シンジですがぶっつけ本番で使徒相手に生身で勝てるほど甘くはないってそれ一番言われてるから。まぁ、シンジの意思の力が強すぎてS2機関が「アーダメダメダメ(出力が)太すぎるッピ! (体が)アッツ! 許してお兄さんお体が壊れるわ」みたいな感じでオーバーヒートしてました。体を巨大化させたのは使徒の学習能力で、使い切れないなら大きくなればいいじゃんアゼルバイジャンってノリで侵食したゼルエルくんの体を素材にでっかくなりました。
で、覚醒です、って感じで使うはいいが体の形状変化とかで一時的にエネルギー不足、どうすっべ、あっ、ゼルエルくんおるやん! いっただきま~すってノリで食いました。
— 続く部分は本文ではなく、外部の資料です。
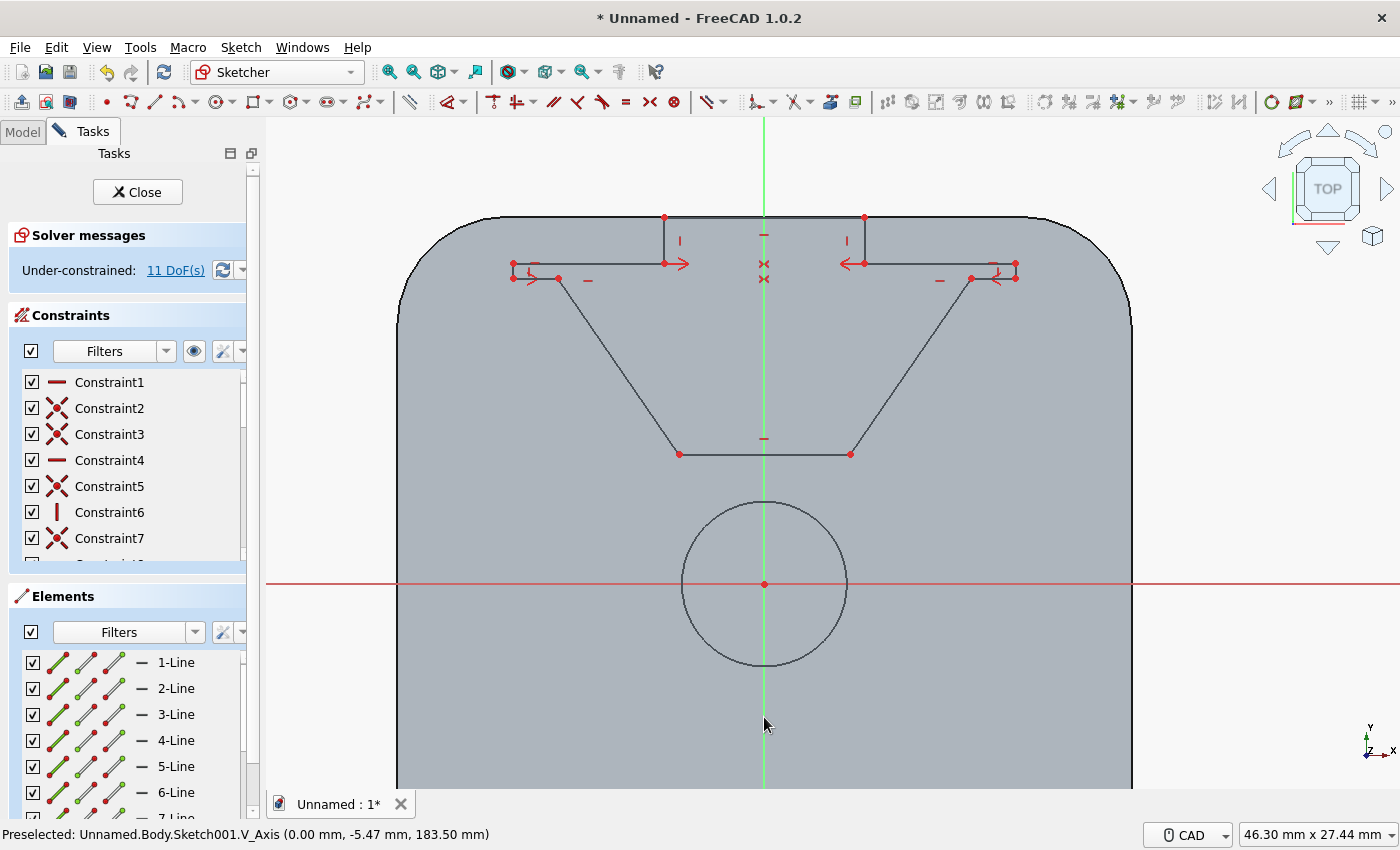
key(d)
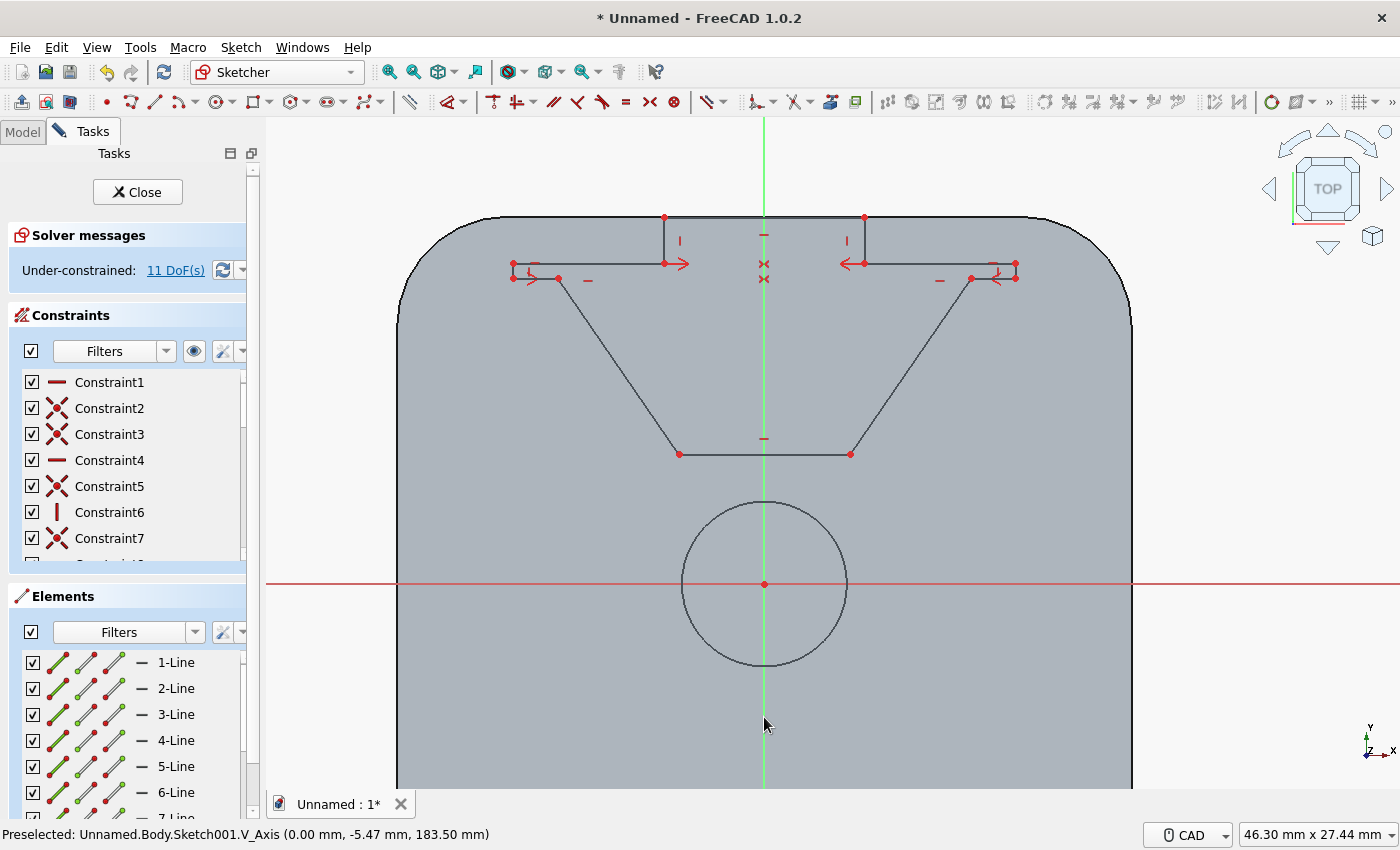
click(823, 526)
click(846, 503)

ちなみにレイが止めてなかったら、第3新東京市以外の人類滅ぼして、強制的にメリーバッドエンドルートです。シンジっていう神が守っていくから安心!
とりあえずこれからハッピーエンドとか無理じゃねえのと思う人がいるからもう一回言っとく。ご都合主義舐めんな、三流のハッピーエンド見せてやんよ! ヨシ!(現場猫)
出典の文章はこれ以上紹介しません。